Miracles are not the only issue involved in this point of hiding in the gaps. Here are some more things atheists have said in the thread:

A New version of Sherlock Holmes in the Twenty First Century on PBS "Mystery," the Watson character says "no one has arch enemies in real life." Watson has never been on an apologetics message board. On message boards we do have them. This one is mine, HRG on CARM.

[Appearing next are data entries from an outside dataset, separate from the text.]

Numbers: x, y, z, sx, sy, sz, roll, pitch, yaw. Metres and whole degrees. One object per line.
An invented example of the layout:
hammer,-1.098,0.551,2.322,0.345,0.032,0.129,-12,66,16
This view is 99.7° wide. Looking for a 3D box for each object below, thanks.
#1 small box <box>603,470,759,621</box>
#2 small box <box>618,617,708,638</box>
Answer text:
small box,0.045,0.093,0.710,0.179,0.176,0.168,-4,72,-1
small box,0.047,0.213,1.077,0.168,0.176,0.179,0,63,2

Originally Posted by HRG View Post
Not at all. It is a fact that some people think that miracles at Lourdes have been confirmed statistically. It is also a fact that their method (not counting the "failures" at Lourdes, and not counting the "successes" elsewhere) is invalid.
It doesn't matter what people think. The fact is Lourdes miracle are not judged by statistics.

Meta:
that is entirely ludicrous. how it possibly be invalid? it's the only valid method there is you saying that just proves to me you don't know anything about any of this. nothing could be more valid than before x-ray shows broken leg, after x-ray shows no trace of broken leg, and one day apart. what could be better proof? No Lourdes is not statistical. Statistical method would not prove crap about healing.

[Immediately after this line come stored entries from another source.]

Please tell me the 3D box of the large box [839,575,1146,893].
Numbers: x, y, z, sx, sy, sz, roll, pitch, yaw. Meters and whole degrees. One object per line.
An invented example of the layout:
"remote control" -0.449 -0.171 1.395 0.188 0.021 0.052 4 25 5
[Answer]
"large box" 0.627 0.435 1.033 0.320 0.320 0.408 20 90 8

statical assumes God is like a drug and must work automatically. it does not allow for will. God is not a drug he's not an automatic process. So your study design is totally invalid..That's because you don't care about truth you are not trying to understand belief, you want to show your great ego and how brilliant you are.
HRG:
I have never supported liberal politics because I thought it was true; that would be like thinking that Schubert's Trout Quintet (which gave me a few transcendental seconds this morning ) is "true". I support liberal politics because of my secular humanism.

Meta:
right, you don't have the sense or the honesty to see that that is ideological. nothing more than sheer ideology! But if you don't think humanism is true what do you do you think? It flatters your ego. your only truth is your ego. total selfishness then you are too deaf to hear God saying "hey that's not right, that's going to land you in trouble." you don't listen.
Stunning admission that he doesn't believe liberal politics are "true," but I do. Calling political stands "true" or "false" is a bit problematic, but I do think my political views are based upon what I feel I feel is true. He grounds his politics in what he feels is true, although he doesn't believe in truth, so this is just more obfuscation on his part, for which he is famous.


HRG:
But your God cannot be proven beyond a substantial doubt either. And when I believe something for which there is no proof beyond any rational doubt, I'm aware that the proof is not 100% - and that I may be wrong (this is not even a humbling thought).
Look at how nuanced his answer, so that for his burden the requirement is not 100%, even though he claims to be humble about it, but for my belief the burden is 100% in his view. Why can't mine be less than that too since my argument only claims Rational Warrant and not proof!??


My Answer in the Thread
That's not the point! you are hiding in the gap. that's so funny you do exactly what i predict you will do then you act like it's big triumphal gesture.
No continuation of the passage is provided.